Aujourd’hui encore, assis sur mon balcon à Genève à boire un verre d’eau du robinet - chose que je n’aurais pas pu faire au Népal - je ressens un manque. Un manque que seule la dynamique Katmandou pouvait combler avec son mélange unique de perturbation de trafic voilé de brume, d’odeurs de nourritures et d’offrandes aux temples, d’effluves d’encens et de bribes d’Om Mani Padme Hum émanant des échoppes, taxis et autres recoins de la “Cité de la Gloire”. Une turbulente sollicitation des sens. Cette image a été immortalisée par les mots de notre enseignant M. Revaz qui, alors que nous le questionnions sur nos plans pour la journée, fit remarquer à un moment que l’“on ne sait jamais ce qu’il se passe d’un moment à l’autre au Népal. Une minute on est ici, celle d’après on est là-bas”.

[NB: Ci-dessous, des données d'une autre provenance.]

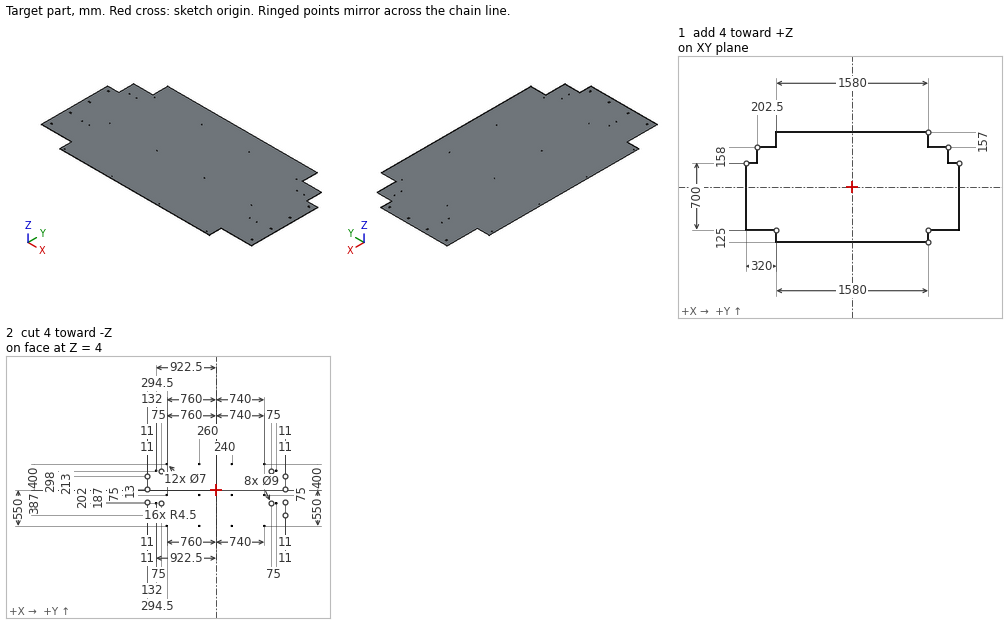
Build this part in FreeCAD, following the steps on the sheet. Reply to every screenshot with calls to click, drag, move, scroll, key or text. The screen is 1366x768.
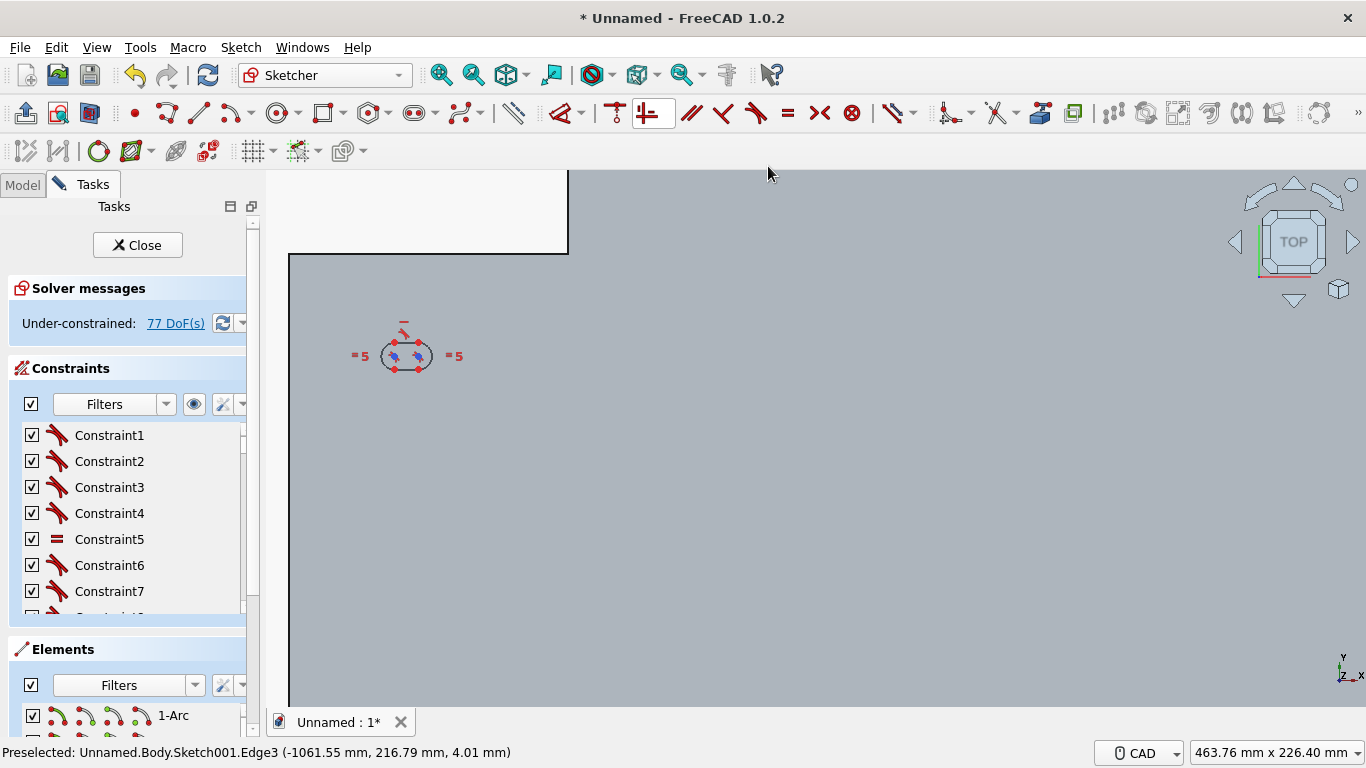
scroll(407, 345, down, 10)
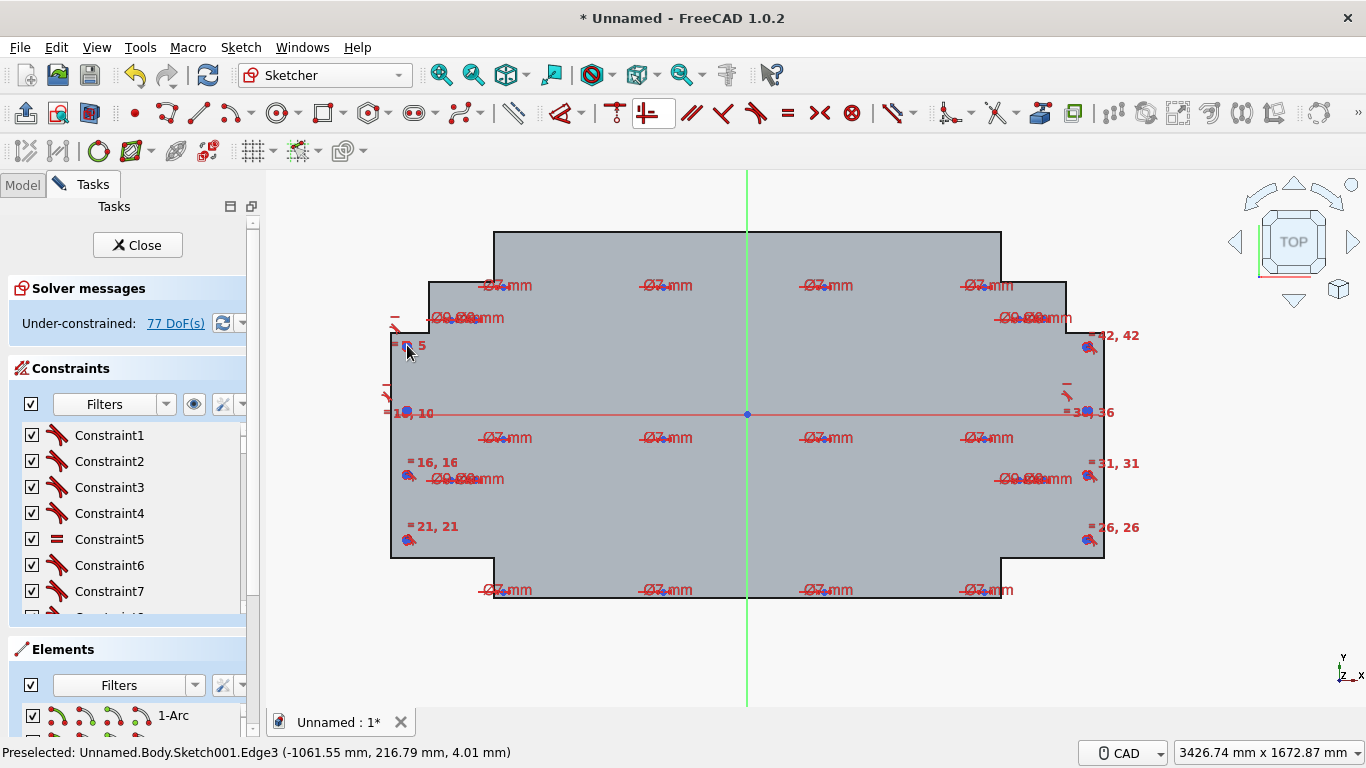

À Sagarmatha, que ce soit en dessinant avec les enfants ou en les aspergeant de peinture sacrée et de couleurs, ou simplement en échangeant des chansons de Justin Bieber, il était clair pour moi que nous étions en train de partager une expérience inestimable à travers nos pays et cultures. Lors de la visite d’un monastère, un moine bouddhiste, drapé de son habit fluide, nous parla avec une exaltation contagieuse des secrets du contentement : amour, compassion et tolérance. “Ne soyez pas constamment à la recherche de ce qui suit, profitez d’être ici et maintenant”, a-t-il dit. À ce moment-là, je me sentis coupable d’avoir éprouvé de la frustration parce que le petit déjeuner n’avait pas été à la hauteur ou parce que j’avais emmené la mauvaise brosse à dents.

Ce séjour au Népal, bref mais marquant, rendu possible grâce à nos enseignants, au personnel encadrant, à la famille Sherpa et, surtout, aux enfants de l’orphelinat, m’a offert une expérience inoubliable. J’aimerais croire que j’ai eu un aperçu de ce que Jeff Rasley et Richard Ernst avaient vécu, et de ce qui pousse de nombreux voyageurs à revenir à maintes reprises sur cette terre déroutante et passionnante. Je sens également que, bien que j’aie quitté le Népal et son peuple, ceux-ci ne m’ont jamais réellement quitté ; car je crois que nous restons dans certains lieux et que d’autres restent en nous. Le Népal est, et sera toujours pour moi, cette deuxième certitude » (Texte de Abdullah - élève).